Until now, suction devices that use external heat sources such as heating blades have been the mainstream. However, in recent years, attention has been focused on an induction heating suction device that generates an aerosol by induction heating a susceptor using an electromagnetic induction source configured as a coil. For example, Patent Literature 1 below discloses a technique in which a blade-shaped susceptor is inserted into a substrate, and the susceptor is induction-heated by a coil arranged to surround the substrate and the susceptor to generate an aerosol. .

WO2018/220558

However, with the technique described in Patent Document 1, the magnetic field generated by the coil leaks out without penetrating into the susceptor, making it difficult to efficiently raise the temperature of the susceptor.

Therefore, the present invention has been made in view of the above problems, and an object of the present invention is to provide a mechanism that enables efficient generation of aerosol in an induction heating suction device. .

In order to solve the above problems, according to one aspect of the present invention, there is provided a container capable of containing an aerosol-generating article containing an aerosol source in an internal space, and a solenoid that generates a varying magnetic field when an alternating current is applied. and a susceptor that generates heat when the fluctuating magnetic field penetrates. The susceptor contains the aerosol-generating article, and the susceptor is composed of a first portion arranged to protrude into the internal space from a bottom portion of the containing portion opposite to the opening, and a portion other than the first portion. and a second portion disposed inside the induction coil.

The first portion and the second portion may be formed in a columnar shape, and central axes of the first portion and the second portion may coincide.

The volume of the second portion may be larger than the volume of the first portion.

A cross-sectional area of the second portion in a direction orthogonal to a direction in which the aerosol-generating article is inserted may be greater than a cross-sectional area of at least a portion of the first portion.

The first portion may have a hollow structure.

The first portion may be thinner than the second portion.

The length of the second portion in the direction in which the aerosol-generating article is inserted may be longer than the length of the first portion.

The length of the induction coil in the direction in which the aerosol-generating article is inserted may be longer than the length of the first portion.

The susceptor has a third portion located between the first portion and the second portion and extending in a direction perpendicular to the direction in which the aerosol-generating article is inserted, the third portion being positioned to receive the aerosol-generating article. You may form the surface exposed to the said internal space among the said bottom parts of a part.
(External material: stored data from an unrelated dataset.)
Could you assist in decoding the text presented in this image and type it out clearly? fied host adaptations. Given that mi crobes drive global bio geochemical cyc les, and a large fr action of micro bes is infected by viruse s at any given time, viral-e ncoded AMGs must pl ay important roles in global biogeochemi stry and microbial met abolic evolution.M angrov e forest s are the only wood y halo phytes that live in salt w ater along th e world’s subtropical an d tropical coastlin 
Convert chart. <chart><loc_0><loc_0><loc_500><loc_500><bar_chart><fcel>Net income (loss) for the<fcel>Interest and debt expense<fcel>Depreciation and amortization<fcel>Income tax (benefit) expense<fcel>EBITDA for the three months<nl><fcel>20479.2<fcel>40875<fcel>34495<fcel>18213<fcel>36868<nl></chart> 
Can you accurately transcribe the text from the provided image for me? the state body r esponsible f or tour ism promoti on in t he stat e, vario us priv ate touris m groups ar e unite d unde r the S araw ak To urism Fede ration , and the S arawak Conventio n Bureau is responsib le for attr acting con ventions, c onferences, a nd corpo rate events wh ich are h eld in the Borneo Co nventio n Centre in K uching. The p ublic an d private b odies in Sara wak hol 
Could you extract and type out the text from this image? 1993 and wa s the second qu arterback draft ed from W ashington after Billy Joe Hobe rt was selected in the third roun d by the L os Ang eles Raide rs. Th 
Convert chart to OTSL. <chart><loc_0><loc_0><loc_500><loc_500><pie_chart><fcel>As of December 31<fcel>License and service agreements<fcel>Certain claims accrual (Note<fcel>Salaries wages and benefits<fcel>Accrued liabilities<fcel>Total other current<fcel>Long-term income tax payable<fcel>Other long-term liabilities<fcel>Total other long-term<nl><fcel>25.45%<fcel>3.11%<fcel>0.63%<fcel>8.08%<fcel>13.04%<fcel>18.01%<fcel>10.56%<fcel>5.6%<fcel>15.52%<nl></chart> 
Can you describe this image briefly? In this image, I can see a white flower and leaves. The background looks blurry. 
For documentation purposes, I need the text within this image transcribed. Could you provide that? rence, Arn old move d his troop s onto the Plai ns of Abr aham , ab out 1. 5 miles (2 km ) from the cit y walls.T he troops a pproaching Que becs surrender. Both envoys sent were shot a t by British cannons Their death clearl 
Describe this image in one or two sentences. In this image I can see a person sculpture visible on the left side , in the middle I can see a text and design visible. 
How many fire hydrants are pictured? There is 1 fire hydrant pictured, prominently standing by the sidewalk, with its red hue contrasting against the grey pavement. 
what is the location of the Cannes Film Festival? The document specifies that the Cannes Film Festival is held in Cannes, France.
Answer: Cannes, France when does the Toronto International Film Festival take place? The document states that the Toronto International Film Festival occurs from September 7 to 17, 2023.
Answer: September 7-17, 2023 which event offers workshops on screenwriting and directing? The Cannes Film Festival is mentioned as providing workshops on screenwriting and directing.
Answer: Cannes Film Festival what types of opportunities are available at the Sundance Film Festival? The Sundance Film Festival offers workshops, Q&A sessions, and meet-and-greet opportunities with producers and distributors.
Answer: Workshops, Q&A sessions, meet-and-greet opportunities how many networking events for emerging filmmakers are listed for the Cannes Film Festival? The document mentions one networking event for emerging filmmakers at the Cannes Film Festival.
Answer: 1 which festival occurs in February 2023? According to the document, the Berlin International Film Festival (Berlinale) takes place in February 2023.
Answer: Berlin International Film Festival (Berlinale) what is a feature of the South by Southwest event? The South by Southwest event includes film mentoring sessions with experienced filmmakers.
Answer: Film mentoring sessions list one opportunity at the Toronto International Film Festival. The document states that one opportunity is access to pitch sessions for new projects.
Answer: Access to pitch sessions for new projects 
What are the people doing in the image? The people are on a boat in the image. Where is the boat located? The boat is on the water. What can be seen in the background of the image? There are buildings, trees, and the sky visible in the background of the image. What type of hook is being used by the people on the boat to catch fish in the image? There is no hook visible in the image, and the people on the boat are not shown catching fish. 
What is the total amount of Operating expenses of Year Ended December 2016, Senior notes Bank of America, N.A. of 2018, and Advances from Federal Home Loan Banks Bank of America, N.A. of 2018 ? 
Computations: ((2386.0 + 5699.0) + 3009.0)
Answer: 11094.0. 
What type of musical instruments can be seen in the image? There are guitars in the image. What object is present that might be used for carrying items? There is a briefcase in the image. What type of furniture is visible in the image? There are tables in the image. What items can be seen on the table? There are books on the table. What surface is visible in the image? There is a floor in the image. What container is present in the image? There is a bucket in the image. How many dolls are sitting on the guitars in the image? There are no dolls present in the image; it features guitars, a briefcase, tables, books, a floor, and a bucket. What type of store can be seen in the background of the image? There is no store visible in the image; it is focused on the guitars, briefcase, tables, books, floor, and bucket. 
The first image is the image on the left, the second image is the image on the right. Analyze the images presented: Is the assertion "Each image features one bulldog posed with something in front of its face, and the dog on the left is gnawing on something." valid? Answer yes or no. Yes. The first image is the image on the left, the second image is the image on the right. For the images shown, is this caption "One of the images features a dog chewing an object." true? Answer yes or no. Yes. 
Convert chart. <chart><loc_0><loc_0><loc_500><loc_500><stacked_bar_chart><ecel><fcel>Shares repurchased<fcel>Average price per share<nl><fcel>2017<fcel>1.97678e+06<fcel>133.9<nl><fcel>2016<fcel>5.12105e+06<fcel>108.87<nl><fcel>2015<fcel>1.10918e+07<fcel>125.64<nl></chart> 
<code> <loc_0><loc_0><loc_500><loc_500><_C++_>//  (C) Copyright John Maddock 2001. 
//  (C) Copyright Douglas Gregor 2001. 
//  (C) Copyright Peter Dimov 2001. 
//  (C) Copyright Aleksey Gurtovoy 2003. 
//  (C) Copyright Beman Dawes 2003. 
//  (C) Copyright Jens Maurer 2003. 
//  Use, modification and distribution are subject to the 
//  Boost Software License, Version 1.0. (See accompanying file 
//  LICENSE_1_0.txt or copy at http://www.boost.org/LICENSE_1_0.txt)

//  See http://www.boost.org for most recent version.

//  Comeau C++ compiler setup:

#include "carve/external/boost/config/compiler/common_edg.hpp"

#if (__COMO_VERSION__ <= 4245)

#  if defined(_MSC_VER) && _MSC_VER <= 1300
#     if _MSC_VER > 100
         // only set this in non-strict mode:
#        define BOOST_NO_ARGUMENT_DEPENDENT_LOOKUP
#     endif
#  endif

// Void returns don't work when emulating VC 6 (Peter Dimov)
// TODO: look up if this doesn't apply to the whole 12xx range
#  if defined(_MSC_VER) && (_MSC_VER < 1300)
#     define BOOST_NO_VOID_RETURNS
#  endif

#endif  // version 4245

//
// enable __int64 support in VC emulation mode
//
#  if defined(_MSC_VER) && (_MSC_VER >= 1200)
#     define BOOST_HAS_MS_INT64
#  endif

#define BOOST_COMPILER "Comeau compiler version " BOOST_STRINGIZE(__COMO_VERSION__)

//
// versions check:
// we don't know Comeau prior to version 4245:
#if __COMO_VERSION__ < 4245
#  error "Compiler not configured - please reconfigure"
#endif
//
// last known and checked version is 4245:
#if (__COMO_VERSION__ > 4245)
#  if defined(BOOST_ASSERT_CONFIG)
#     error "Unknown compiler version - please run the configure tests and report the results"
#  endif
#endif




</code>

The susceptor has a fourth portion located between the second portion and the third portion and extending in a direction perpendicular to the direction in which the aerosol-generating article is inserted, the volume of the fourth portion being: It may be larger than the volume of the third portion.

The susceptor may have a fifth portion extending in a direction in which the aerosol-generating article is inserted outside the second portion, and the induction coil may be arranged inside the fifth portion.

The susceptor may have a sixth portion facing the fourth portion and extending in a direction perpendicular to the direction in which the aerosol-generating article is inserted.

The aerosol generating system may include a heat insulating portion arranged between the susceptor and other components than the induction coil.

The heat insulating part may have at least one of an airgel heat insulating material, an air heat insulating layer, or a vacuum heat insulating member.

The first portion may be inserted inside the aerosol-generating article inserted in the internal space.

The aerosol-generating system may include the aerosol-generating article.

As described above, according to the present invention, a mechanism is provided that enables efficient aerosol generation in an induction heating suction device.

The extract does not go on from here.